Segment Start: DATA SHOWN

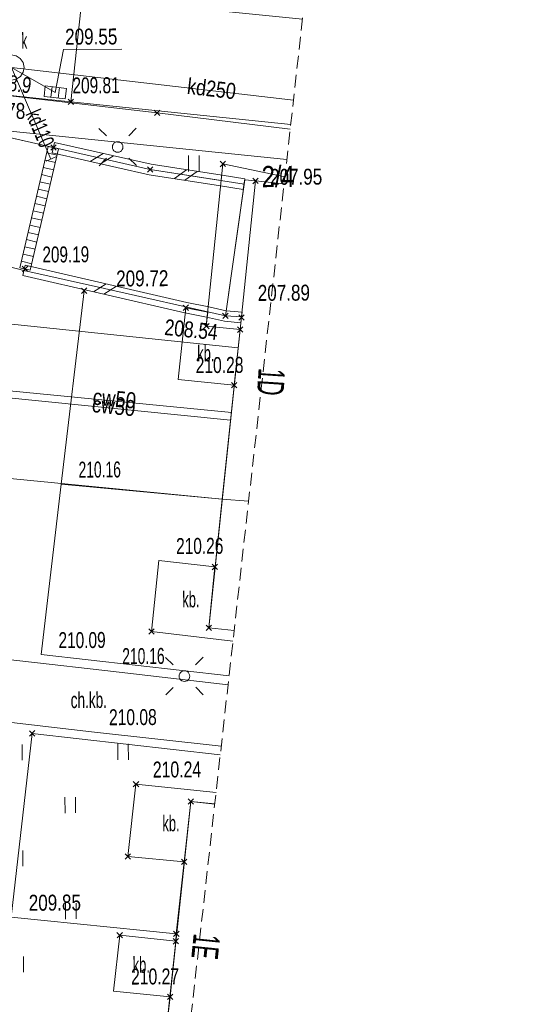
# Model space of a CAD drawing. Header units: millimetres. Extents: x 1477672 to 1731286, y -587673 to -401480.
# Tile 25 of 33: x 1656397 to 1680226, y -541930 to -495476. Entities that reach past the tile are written whole.
import ezdxf
from ezdxf.xclip import XClip

# ---------------------------------------------------------------- set-up
doc = ezdxf.new("R2010")
doc.units = ezdxf.units.MM
doc.header["$MEASUREMENT"] = 0
doc.header["$XCLIPFRAME"] = 0
doc.linetypes.add('2', pattern=[900, 600, -300])
doc.layers.add('820-G Rysunki Obrazki', color=7, linetype='Continuous')
for name, color, linetype, lineweight in [('mapa_robocza (1)_31_000 Inne (niezydentyfikowane)_Nr_pióra__1', 1, 'Continuous', 18), ('mapa_robocza (1)_31_000 Inne (niezydentyfikowane)_Nr_pióra__141', 141, 'Continuous', 18), ('mapa_robocza (1)_31_000 Inne (niezydentyfikowane)_Nr_pióra__18', 18, 'Continuous', 18), ('mapa_robocza (1)_31_000 Inne (niezydentyfikowane)_Nr_pióra__212', 212, 'Continuous', 18), ('mapa_robocza (1)_31_000 Inne (niezydentyfikowane)_Nr_pióra__34', 34, 'Continuous', 18), ('mapa_robocza (1)_31_000 Inne (niezydentyfikowane)_Nr_pióra__5', 5, 'Continuous', 18), ('mapa_robocza (1)_31_000 Inne (niezydentyfikowane)_Nr_pióra__7', 7, 'Continuous', 18), ('mapa_robocza (1)_31_Zakres_Nr_pióra__5', 5, 'Continuous', 18)]:
    doc.layers.add(name, color=color, linetype=linetype, lineweight=lineweight)
doc.styles.add('GENERATED_STYLE_3', font='arial.ttf')

# ---------------------------------------------------------------- blocks, each defined once
blk = doc.blocks.new('Rysunek_1_31', base_point=(1578976, -495102))
at = {"layer": 'mapa_robocza (1)_31_000 Inne (niezydentyfikowane)_Nr_pióra__1', "linetype": 'Continuous', "lineweight": 18, "flags": 128}
blk.add_lwpolyline([(1669148, -500640), (1662869, -499873), (1655677, -499029), (1654733, -499615), (1654518, -500577), (1652562, -514713), (1650738, -515965), (1649688, -517152), (1649551, -518119)], dxfattribs=at)
at = {"layer": 'mapa_robocza (1)_31_000 Inne (niezydentyfikowane)_Nr_pióra__141', "linetype": 'Continuous', "lineweight": 18, "flags": 128}
for points in [[(1658684, -499229), (1658940, -499482)], [(1658686, -499483), (1658938, -499228)], [(1662741, -499747), (1662997, -499999)], [(1662743, -500001), (1662995, -499745)], [(1657857, -501384), (1658112, -501636)], [(1657857, -501384), (1658112, -501636)], [(1657858, -501638), (1658111, -501382)], [(1657858, -501638), (1658111, -501382)], [(1665841, -502158), (1666097, -502410)], [(1665843, -502412), (1666095, -502156)], [(1662423, -502418), (1662678, -502670)], [(1662424, -502672), (1662677, -502416)], [(1667386, -502959), (1667642, -503211)], [(1667388, -503213), (1667640, -502957)], [(1656520, -507112), (1656775, -507364)], [(1656521, -507366), (1656774, -507110)], [(1659306, -508136), (1659561, -508388)], [(1659307, -508390), (1659560, -508134)], [(1664101, -508938), (1664356, -509190)], [(1664102, -509192), (1664355, -508936)], [(1665963, -509327), (1666218, -509580)], [(1665963, -509327), (1666218, -509580)], [(1665964, -509581), (1666217, -509326)], [(1665964, -509581), (1666217, -509326)], [(1666723, -509403), (1666979, -509655)], [(1666725, -509657), (1666977, -509401)], [(1665064, -509805), (1665320, -510059)], [(1665065, -510060), (1665319, -509804)], [(1666657, -509973), (1666912, -510226)], [(1666657, -509973), (1666912, -510226)], [(1666658, -510227), (1666911, -509972)], [(1666658, -510227), (1666911, -509972)], [(1666382, -512595), (1666637, -512847)], [(1666383, -512849), (1666636, -512593)], [(1665461, -521170), (1665717, -521423)], [(1665463, -521424), (1665715, -521169)], [(1662479, -524218), (1662734, -524470)], [(1662480, -524472), (1662733, -524216)], [(1665178, -524042), (1665433, -524294)], [(1665179, -524296), (1665432, -524040)], [(1656857, -529020), (1657112, -529273)], [(1656858, -529274), (1657111, -529019)], [(1661751, -531422), (1662006, -531674)], [(1661752, -531676), (1662005, -531420)], [(1664335, -532237), (1664591, -532489)], [(1664337, -532491), (1664589, -532236)], [(1661370, -534824), (1661626, -535077)], [(1661372, -535078), (1661624, -534823)], [(1664022, -535079), (1664277, -535331)], [(1664023, -535333), (1664276, -535077)], [(1660982, -538536), (1661237, -538789)], [(1660983, -538790), (1661236, -538535)], [(1663624, -538831), (1663879, -539084)], [(1663625, -539085), (1663878, -538830)], [(1663652, -538481), (1663907, -538734)], [(1663653, -538735), (1663906, -538480)], [(1663359, -541453), (1663614, -541705)], [(1663360, -541707), (1663613, -541451)]]:
    blk.add_lwpolyline(points, dxfattribs=at)
at = {"layer": 'mapa_robocza (1)_31_000 Inne (niezydentyfikowane)_Nr_pióra__18', "linetype": 'Continuous', "lineweight": 18, "flags": 128}
for points in [[(1668859, -503219), (1667514, -503085), (1666784, -510099), (1665306, -524168), (1666504, -524297)], [(1665590, -532477), (1664463, -532363), (1662575, -549934), (1663588, -550390)]]:
    blk.add_lwpolyline(points, dxfattribs=at)
at = {"layer": 'mapa_robocza (1)_31_000 Inne (niezydentyfikowane)_Nr_pióra__212', "linetype": 'Continuous', "lineweight": 18, "flags": 128}
for points in [[(1646906, -505264), (1646887, -505454), (1646792, -506205), (1646581, -507886), (1646495, -508567), (1646438, -509077), (1646125, -512039), (1655242, -513246), (1666329, -514372)], [(1647139, -505723), (1647100, -505903), (1647014, -506654), (1646821, -507925), (1646715, -508595), (1646679, -509186), (1646404, -511787), (1655251, -512926), (1666377, -514002)]]:
    blk.add_lwpolyline(points, dxfattribs=at)
at = {"layer": 'mapa_robocza (1)_31_000 Inne (niezydentyfikowane)_Nr_pióra__34', "linetype": 'Continuous', "lineweight": 18, "flags": 128}
for points in [[(1658070, -498910), (1658458, -496879), (1661218, -496863)], [(1669300, -499274), (1656003, -497732)], [(1656003, -497732), (1657868, -502051)], [(1656003, -497732), (1658070, -498910)], [(1657924, -498641), (1657867, -499138)], [(1658272, -498681), (1658215, -499178)], [(1656404, -507181), (1657741, -501454)], [(1656891, -507295), (1658228, -501567)], [(1657741, -501454), (1658228, -501567)], [(1657590, -502101), (1658077, -502216)], [(1657590, -502101), (1658077, -502216)], [(1657669, -501761), (1658157, -501874)], [(1657669, -501761), (1658157, -501874)], [(1657510, -502443), (1657998, -502556)], [(1657510, -502443), (1657998, -502556)], [(1657431, -502783), (1657918, -502898)], [(1657431, -502783), (1657918, -502898)], [(1657272, -503465), (1657759, -503579)], [(1657272, -503465), (1657759, -503579)], [(1657351, -503124), (1657838, -503238)], [(1657351, -503124), (1657838, -503238)], [(1657192, -503806), (1657679, -503920)], [(1657192, -503806), (1657679, -503920)], [(1657033, -504488), (1657519, -504601)], [(1657033, -504488), (1657519, -504601)], [(1657113, -504147), (1657599, -504260)], [(1657113, -504147), (1657599, -504260)], [(1656954, -504828), (1657440, -504942)], [(1656954, -504828), (1657440, -504942)], [(1656874, -505170), (1657360, -505283)], [(1656874, -505170), (1657360, -505283)], [(1656715, -505851), (1657201, -505965)], [(1656715, -505851), (1657201, -505965)], [(1656795, -505510), (1657281, -505624)], [(1656795, -505510), (1657281, -505624)], [(1656635, -506192), (1657122, -506305)], [(1656635, -506192), (1657122, -506305)], [(1656556, -506533), (1657042, -506647)], [(1656556, -506533), (1657042, -506647)], [(1656404, -507181), (1656891, -507295)], [(1656476, -506874), (1656963, -506987)], [(1656476, -506874), (1656963, -506987)]]:
    blk.add_lwpolyline(points, dxfattribs=at)
for points in [[(1656006, -498332), (1655776, -498287), (1655581, -498158), (1655450, -497965), (1655403, -497735), (1655447, -497505), (1655576, -497310), (1655769, -497179), (1655999, -497132), (1656229, -497176), (1656424, -497305), (1656555, -497498), (1656603, -497728), (1656558, -497958), (1656429, -498153), (1656236, -498284)], [(1657602, -498603), (1658595, -498719), (1658537, -499216), (1657544, -499101)]]:
    blk.add_lwpolyline(points, close=True, dxfattribs=at)
at = {"layer": 'mapa_robocza (1)_31_000 Inne (niezydentyfikowane)_Nr_pióra__5', "linetype": 'Continuous', "lineweight": 18, "flags": 128}
blk.add_lwpolyline([(1666699, -510950), (1639472, -508107), (1639262, -508079)], dxfattribs=at)
at = {"layer": 'mapa_robocza (1)_31_000 Inne (niezydentyfikowane)_Nr_pióra__7', "linetype": 'Continuous', "lineweight": 18, "flags": 128}
for points in [[(1659343, -494402), (1658812, -499355), (1654019, -498843), (1651367, -498408), (1648243, -497726), (1648010, -497709), (1647784, -497760), (1647582, -497875), (1647423, -498045), (1647322, -498255), (1647286, -498484), (1647319, -498714), (1647418, -498924), (1647575, -499096), (1647775, -499214), (1648001, -499268), (1649944, -499687), (1649147, -505361), (1645661, -504372), (1640591, -504401), (1643001, -483587)], [(1669172, -500414), (1658812, -499355), (1659343, -494402), (1669728, -495444)], [(1669172, -500414), (1658812, -499355), (1654019, -498843), (1651367, -498408), (1648243, -497726), (1648010, -497709), (1647784, -497760), (1647582, -497875), (1647423, -498045), (1647322, -498255), (1647286, -498484), (1647319, -498714), (1647418, -498924), (1647575, -499096), (1647775, -499214), (1648001, -499268), (1649944, -499687)], [(1668896, -502892), (1665969, -502284), (1665894, -503064), (1662551, -502544), (1657985, -501510), (1653478, -500488), (1668987, -502077)], [(1660125, -500604), (1660481, -500956)], [(1661893, -500594), (1661541, -500950)], [(1657929, -501755), (1658040, -501266)], [(1667014, -502991), (1665933, -502817), (1662597, -502299), (1658040, -501266)], [(1657638, -502151), (1658097, -501951)], [(1666935, -503485), (1665854, -503312), (1662504, -502789), (1657929, -501755)], [(1660323, -501783), (1659724, -502160)], [(1660323, -501783), (1659724, -502160)], [(1660136, -502372), (1660488, -502016)], [(1660811, -501894), (1660212, -502271)], [(1660811, -501894), (1660212, -502271)], [(1661904, -502362), (1661548, -502010)], [(1664350, -501886), (1664354, -502636)], [(1664854, -502633), (1664850, -501883)], [(1664261, -502557), (1663690, -502974)], [(1664261, -502557), (1663690, -502974)], [(1668896, -502892), (1665969, -502284), (1665192, -509932), (1666784, -510099), (1667514, -503085)], [(1668859, -503219), (1667514, -503085), (1667003, -503028), (1666091, -509453), (1666851, -509489), (1666784, -510099), (1665941, -518094), (1654314, -516972), (1653548, -524596), (1648475, -524066), (1645072, -556376), (1657429, -557674), (1658083, -551400), (1662466, -551865), (1662575, -549934), (1663588, -550390)], [(1664754, -502634), (1664184, -503051)], [(1664754, -502634), (1664184, -503051)], [(1668859, -503219), (1667514, -503085), (1666784, -510099), (1665941, -518094), (1667185, -518196)], [(1666935, -503485), (1667014, -502991)], [(1667514, -503085), (1668859, -503219)], [(1641919, -571404), (1646212, -568609), (1643141, -561427), (1641914, -558564), (1644464, -558509), (1647111, -535524), (1648016, -527688), (1648329, -524796), (1649119, -517892), (1649483, -515060), (1649893, -515117), (1650045, -513676), (1649634, -513539), (1650414, -506614), (1650659, -505813), (1652610, -506266), (1651205, -518975), (1650773, -521992), (1650441, -525044), (1660417, -526187), (1666218, -526854)], [(1656542, -507552), (1656654, -507065)], [(1666876, -509280), (1666130, -509206), (1665311, -509024), (1664281, -508820), (1656654, -507065)], [(1666827, -509778), (1666051, -509701), (1665208, -509513), (1664176, -509309), (1656542, -507552)], [(1660469, -507943), (1659870, -508317)], [(1660469, -507943), (1659870, -508317)], [(1660956, -508055), (1660358, -508430)], [(1660956, -508055), (1660358, -508430)], [(1658356, -517388), (1659434, -508262)], [(1666827, -509778), (1666876, -509280)], [(1666266, -526432), (1657403, -525434), (1658356, -517388)], [(1658356, -517388), (1665941, -518094)], [(1667185, -518196), (1665941, -518094), (1665306, -524168), (1666504, -524297)], [(1666447, -524803), (1662607, -524344), (1662947, -520992)], [(1662947, -520992), (1665589, -521297), (1665306, -524168), (1666504, -524297)], [(1663270, -525566), (1663626, -525918)], [(1665038, -525556), (1664686, -525912)], [(1663280, -527334), (1663632, -526978)], [(1665048, -527324), (1664692, -526972)], [(1665895, -529749), (1659784, -529070), (1650077, -527946), (1646040, -562920)], [(1631701, -586402), (1631214, -584426), (1631152, -584187), (1637482, -584180), (1639639, -583628), (1641392, -582298), (1643285, -579427), (1643812, -577183), (1643556, -574475), (1645500, -576774), (1647431, -578713), (1647922, -571950), (1647608, -571331), (1648310, -568247), (1646040, -562920), (1650077, -527946), (1659784, -529070), (1665895, -529749)], [(1665849, -530158), (1656984, -529146), (1655995, -537822)], [(1656520, -530418), (1656515, -529668)], [(1661015, -529642), (1661020, -530392)], [(1661520, -530389), (1661515, -529639)], [(1665651, -531931), (1661878, -531548), (1661498, -534950), (1664150, -535205), (1663779, -538607), (1663751, -538957), (1661110, -538663), (1660825, -541304), (1663486, -541579), (1663067, -545182), (1662869, -547283), (1660238, -546998), (1659971, -549330), (1663531, -550902)], [(1665589, -532487), (1664463, -532363), (1664150, -535205), (1661498, -534950), (1661878, -531548)], [(1661878, -531548), (1665651, -531931)], [(1658530, -532157), (1658534, -532907)], [(1659034, -532904), (1659030, -532154)], [(1665590, -532477), (1664463, -532363), (1662869, -547283), (1663924, -547390)], [(1656549, -535418), (1656544, -534668)], [(1658559, -537156), (1658563, -537906)], [(1659063, -537904), (1659059, -537154)], [(1655995, -537822), (1663779, -538607)], [(1656578, -540418), (1656573, -539668)]]:
    blk.add_lwpolyline(points, dxfattribs=at)
for points in [[(1662551, -502544), (1657985, -501510), (1649944, -499687), (1649147, -505361), (1656598, -507308), (1660393, -508166), (1666091, -509453), (1666974, -503236)], [(1661013, -501233), (1661078, -501241), (1661138, -501265), (1661190, -501305), (1661231, -501356), (1661255, -501416), (1661264, -501481), (1661256, -501546), (1661232, -501606), (1661192, -501659), (1661141, -501699), (1661081, -501723), (1661016, -501733), (1660951, -501724), (1660891, -501700), (1660838, -501661), (1660798, -501609), (1660774, -501549), (1660764, -501484), (1660773, -501419), (1660797, -501359), (1660836, -501307), (1660888, -501266), (1660948, -501242)], [(1664228, -509064), (1665260, -509268), (1665192, -509932), (1666784, -510099), (1666510, -512721), (1663868, -512456)], [(1664157, -526195), (1664223, -526204), (1664283, -526227), (1664335, -526267), (1664375, -526319), (1664400, -526379), (1664409, -526443), (1664400, -526509), (1664377, -526569), (1664337, -526621), (1664285, -526661), (1664225, -526686), (1664160, -526695), (1664095, -526686), (1664035, -526663), (1663983, -526623), (1663943, -526571), (1663918, -526511), (1663909, -526446), (1663918, -526381), (1663941, -526321), (1663981, -526269), (1664033, -526229), (1664093, -526204)], [(1663751, -538957), (1663486, -541579), (1660825, -541304), (1661110, -538663)]]:
    blk.add_lwpolyline(points, close=True, dxfattribs=at)
at = {"layer": 'mapa_robocza (1)_31_Zakres_Nr_pióra__5', "linetype": '2', "lineweight": 18, "flags": 128}
blk.add_lwpolyline([(1680226, -401480), (1659423, -587673)], dxfattribs=at)
at = {"layer": 'mapa_robocza (1)_31_000 Inne (niezydentyfikowane)_Nr_pióra__1', "linetype": 'Continuous', "lineweight": 18, "insert": (1654963, -498727), "char_height": 750, "attachment_point": 7, "rotation": 352.8724, "style": 'GENERATED_STYLE_3'}
blk.add_mtext('\\A1;{\\W0.741;208.9}', dxfattribs=at)
at = {"layer": 'mapa_robocza (1)_31_000 Inne (niezydentyfikowane)_Nr_pióra__212', "linetype": 'Continuous', "lineweight": 18, "char_height": 750, "attachment_point": 4, "style": 'GENERATED_STYLE_3'}
for insert, rotation in [((1659848, -513262), 354.4784), ((1659813, -513618), 354.1814)]:
    blk.add_mtext('\\A1;{\\W0.834;cw50}', dxfattribs=dict(at, insert=insert, rotation=rotation))
at = {"layer": 'mapa_robocza (1)_31_000 Inne (niezydentyfikowane)_Nr_pióra__34', "linetype": 'Continuous', "lineweight": 18, "char_height": 750, "style": 'GENERATED_STYLE_3'}
for s, insert, attachment_point, rotation in [('\\A1;{\\W0.768;209.55}', (1658539, -496665), 7, 0.3314), ('\\A1;{\\W0.804;kd250}', (1664301, -498602), 4, 353.3824), ('\\A1;{\\W0.63;kd110}', (1656997, -499777), 4, 293.3544)]:
    blk.add_mtext(s, dxfattribs=dict(at, insert=insert, attachment_point=attachment_point, rotation=rotation))
at = {"layer": 'mapa_robocza (1)_31_000 Inne (niezydentyfikowane)_Nr_pióra__5', "linetype": 'Continuous', "lineweight": 18, "insert": (1663194, -510358), "char_height": 750, "attachment_point": 7, "rotation": 354.2694, "style": 'GENERATED_STYLE_3'}
blk.add_mtext('\\A1;{\\W0.783;208.54}', dxfattribs=at)
at = {"layer": 'mapa_robocza (1)_31_000 Inne (niezydentyfikowane)_Nr_pióra__7', "linetype": 'Continuous', "lineweight": 18, "style": 'GENERATED_STYLE_3'}
for s, insert, char_height, attachment_point, rotation in [('\\A1;{\\W0.52;k}', (1656480, -496845), 750, 7, 0.3314), ('\\A1;{\\W0.695;209.81}', (1658884, -498963), 750, 7, 0.3314), ('\\A1;{\\W0.768;209.78}', (1654199, -500180), 750, 7, 0.3314), ('\\A1;{\\W0.804;2/4}', (1667798, -502886), 1000, 4, 0.3314), ('\\A1;{\\W0.768;207.95}', (1668197, -503279), 750, 7, 0.3314), ('\\A1;{\\W0.688;209.19}', (1657470, -506942), 750, 7, 0.3314), ('\\A1;{\\W0.768;209.72}', (1660945, -508072), 750, 7, 0.3314), ('\\A1;{\\W0.768;207.89}', (1667619, -508753), 750, 7, 0.3314), ('\\A1;{\\W0.581;kb.}', (1664766, -511609), 750, 7, 0.3314), ('\\A1;{\\W0.703;210.28}', (1664692, -512160), 750, 7, 0.3314), ('\\A1;{\\W0.569;1D}', (1668285, -511938), 1250, 4, 266.2414), ('\\A1;{\\W0.623;210.16}', (1659171, -517092), 750, 7, 0.3314), ('\\A1;{\\W0.695;210.26}', (1663770, -520695), 750, 7, 0.3314), ('\\A1;{\\W0.581;kb.}', (1664063, -523213), 750, 7, 0.3314), ('\\A1;{\\W0.694;210.09}', (1658226, -525138), 750, 7, 0.3314), ('\\A1;{\\W0.623;210.16}', (1661232, -525890), 750, 7, 0.3314), ('\\A1;{\\W0.611;ch.kb.}', (1658803, -527964), 750, 7, 0.3314), ('\\A1;{\\W0.702;210.08}', (1660608, -528774), 750, 7, 0.3314), ('\\A1;{\\W0.711;210.24}', (1662673, -531242), 750, 7, 0.3314), ('\\A1;{\\W0.581;kb.}', (1663124, -533779), 750, 7, 0.3314), ('\\A1;{\\W0.768;209.85}', (1656825, -537526), 750, 7, 0.3314), ('\\A1;{\\W0.546;1E}', (1665225, -538632), 1250, 4, 264.1234), ('\\A1;{\\W0.581;kb.}', (1661723, -540457), 750, 7, 0.3314), ('\\A1;{\\W0.705;210.27}', (1661649, -541008), 750, 7, 0.3314)]:
    blk.add_mtext(s, dxfattribs=dict(at, insert=insert, char_height=char_height, attachment_point=attachment_point, rotation=rotation))

msp = doc.modelspace()

# ---------------------------------------------------------------- block references
at = {"layer": '820-G Rysunki Obrazki', "color": 7, "linetype": 'Continuous', "lineweight": 13}
ref = msp.add_blockref('Rysunek_1_31', (1578976, -495102), dxfattribs=at)
XClip(ref).set_block_clipping_path([(1477726.0314692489, -588724.3337801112), (1681302.6256645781, -587546.7532186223), (1680226.3292941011, -401479.8660885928), (1476649.735098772, -402657.4466500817)])

doc.saveas('drawing.dxf')

Segment End: DATA SHOWN

## WORK INSTRUCTION:
Repeat exactly the lines starting at the line with "msp = doc.modelspace()" and ending with the final line of the entries. Include nothing else.

## ANSWER FOR THIS EXERCISE:
msp = doc.modelspace()

# ---------------------------------------------------------------- block references
at = {"layer": '820-G Rysunki Obrazki', "color": 7, "linetype": 'Continuous', "lineweight": 13}
ref = msp.add_blockref('Rysunek_1_31', (1578976, -495102), dxfattribs=at)
XClip(ref).set_block_clipping_path([(1477726.0314692489, -588724.3337801112), (1681302.6256645781, -587546.7532186223), (1680226.3292941011, -401479.8660885928), (1476649.735098772, -402657.4466500817)])

doc.saveas('drawing.dxf')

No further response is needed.